Между витринами был узкий проход, я вышла из Музея через боковую дверь – и тот вечер провела совсем не у Пипи, Пипи не открыл тебе не потому, что был якобы со мной: у него была Марица, и он считал, что о Марице даже мы еще ничего не знаем. Несколько секунд я ждала, что ты повернешься, отыщешь меня и, коль скоро тебя спросили, скажешь, что ты не один, что ты со мной, – ждала что Рамочаи, который в свое время лепил с Ангелы танагру,[44] растеряется и будет бормотать что-нибудь, чтоб загладить свой промах. «Она неважно себя чувствует, – ответил ты скульптору, – и вообще редко выходит: очень уж много забот с приютом».

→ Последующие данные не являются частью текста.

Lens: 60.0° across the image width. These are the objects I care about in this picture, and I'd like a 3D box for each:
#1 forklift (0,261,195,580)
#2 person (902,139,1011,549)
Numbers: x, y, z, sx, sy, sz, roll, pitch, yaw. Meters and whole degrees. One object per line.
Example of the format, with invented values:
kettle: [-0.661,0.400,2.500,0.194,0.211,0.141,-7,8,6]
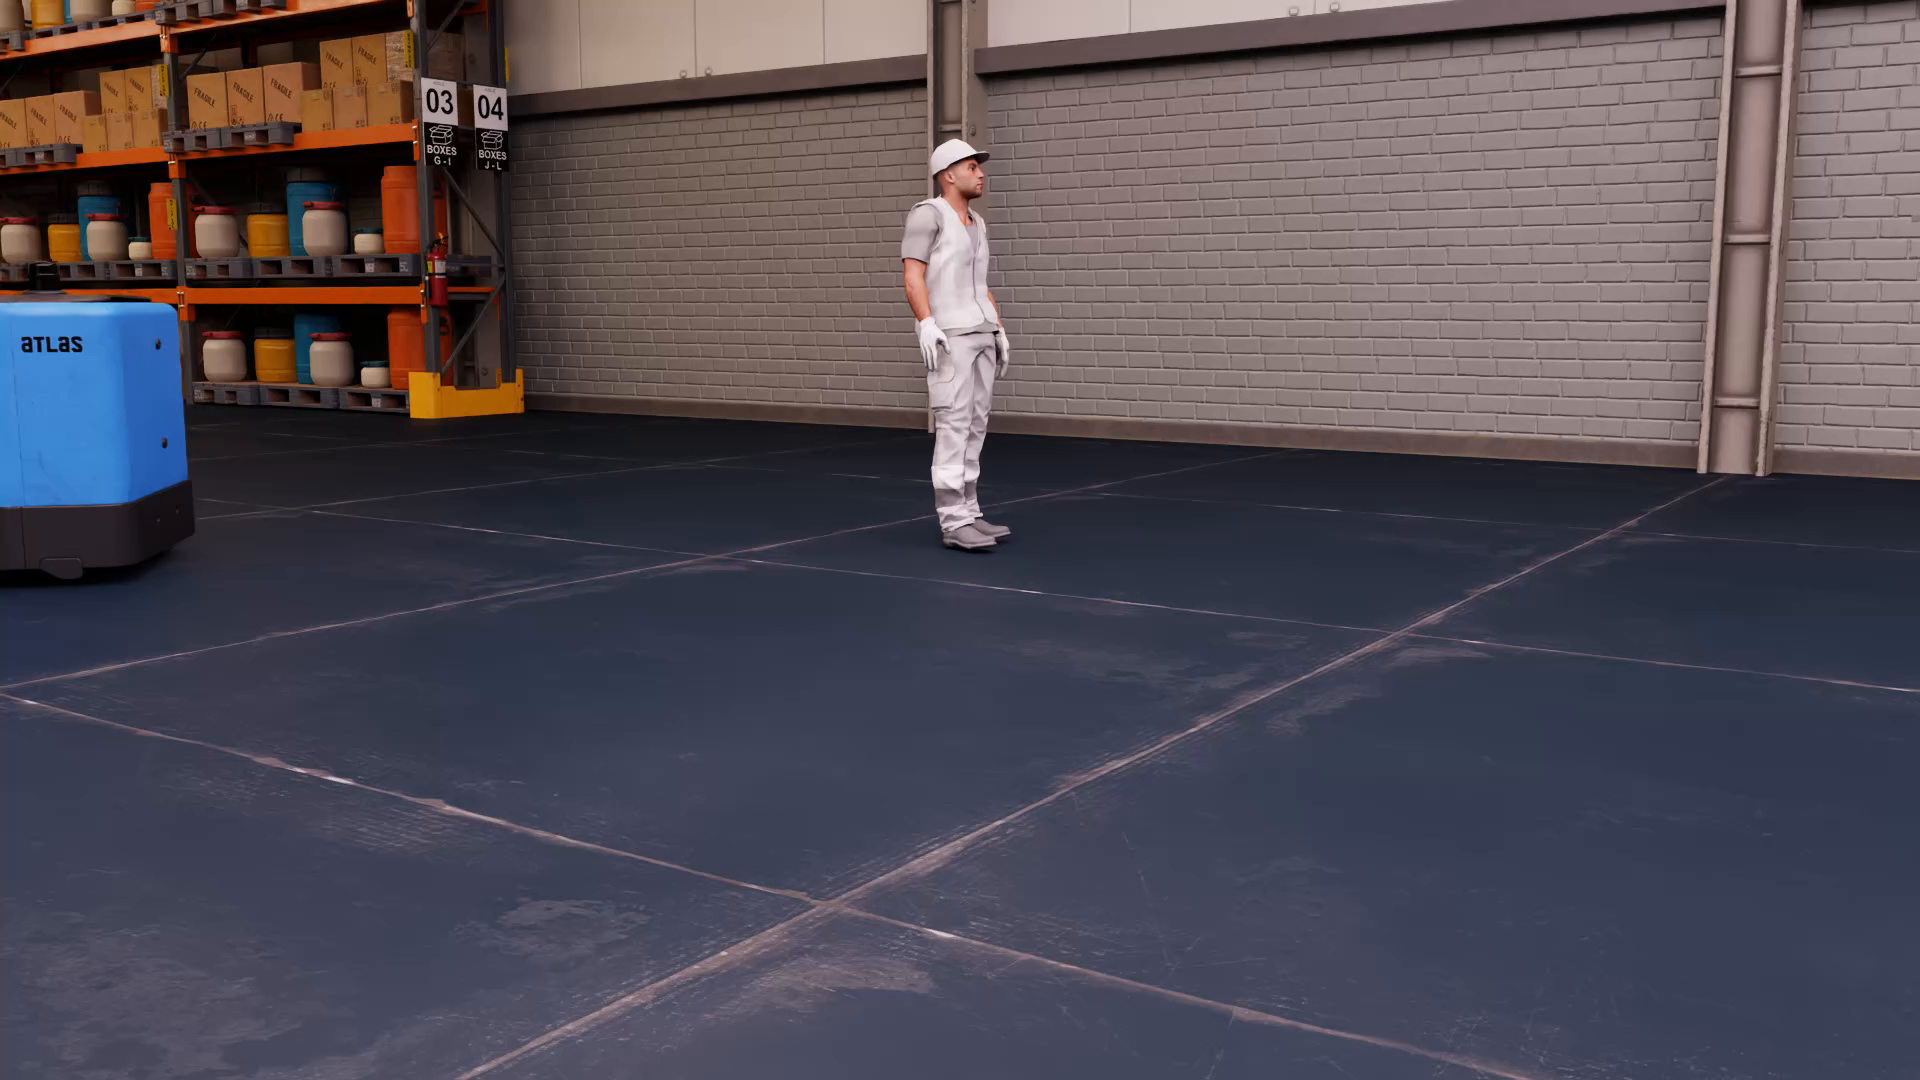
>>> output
forklift: [-4.756,-1.308,6.388,3.031,2.935,1.130,-2,8,-11]
person: [0.059,-0.885,7.422,0.564,1.787,0.637,5,10,34]

Я была не у Пипи – но хотела, чтобы ты думал, будто я у него. Я была в гостях у Вани. Он открыл мне дверь – и даже рот разинул, увидев меня. Из кухни выглянула его мать, лицо ее, раскрасневшееся у плиты, выражало досаду. Жена Вани пришла позже, но я дождалась ее – когда она позвонила в дверь, Ваня совсем занервничал. Я отвернулась, чтобы поправить волосы и дать ей возможность спрятать молитвенник. Звонили полдень; я думала, сколько бедняжке пришлось трястись на трамвае, чтобы где-нибудь в пригороде спокойно, не опасаясь встретить знакомых, замаливать Ванины грехи. Думала я и о тебе: интересно, что ты сейчас делаешь, – и в это время читала текст роли, читала очень скверно. «Принц, были ль вы здоровы это время?» Ваня стонал, царапал себе шею, пытался растолковать мне то, что я никак не могла уловить в тексте. Жена Вани, совсем молоденькая – наверное, не старше двадцати лет, – сложив руки на груди, смотрела на нас, ничего не понимая: с ума мы, что ли, сошли – среди бела дня, в воскресенье, принялись разучивать роль. «Дарили, принц, вы знаете прекрасно…» – «Ступай добром в монастырь! Где твой отец?»[45] – спрашивал Ваня. Текст сразу стал понятным: я подумала, что мой отец – в усыпальнице Мартонов и что я не могу уйти в монастырь, – монастыри закрыли, – и что чуть ли не каждый месяц в доме у меня ночует какая-нибудь монашка в мирском платье; Юли, наверное, думает, что я совсем дура и ничего не замечаю. Пахло пищей, мясным супом; я старалась говорить роль так, чтобы меня нужно было все время поправлять. В кухне старуха гремела посудой. Ваня уговорил меня остаться обедать, обед был очень вкусным – беда только; что у меня не было аппетита.
«Войти можно только жене», – сказал профессор. Я тогда снова вспомнила Рамочаи и остановилась на лестничной площадке: ненависть парализовала мне ноги, я не могла ступить ни шагу. Ангелу я узнала издали: за минуту перед моим такси она подъехала к больнице на машине Дюрицы; но в больницу ее едва впустили; так бессвязно она лепетала что-то в воротах – Ангела никогда не могла внятно сказать, что ей нужно, когда была испугана, –
44
Танагры – древнегреческие терракотовые статуэтки (по местечку Танагра, где они были обнаружены при раскопках).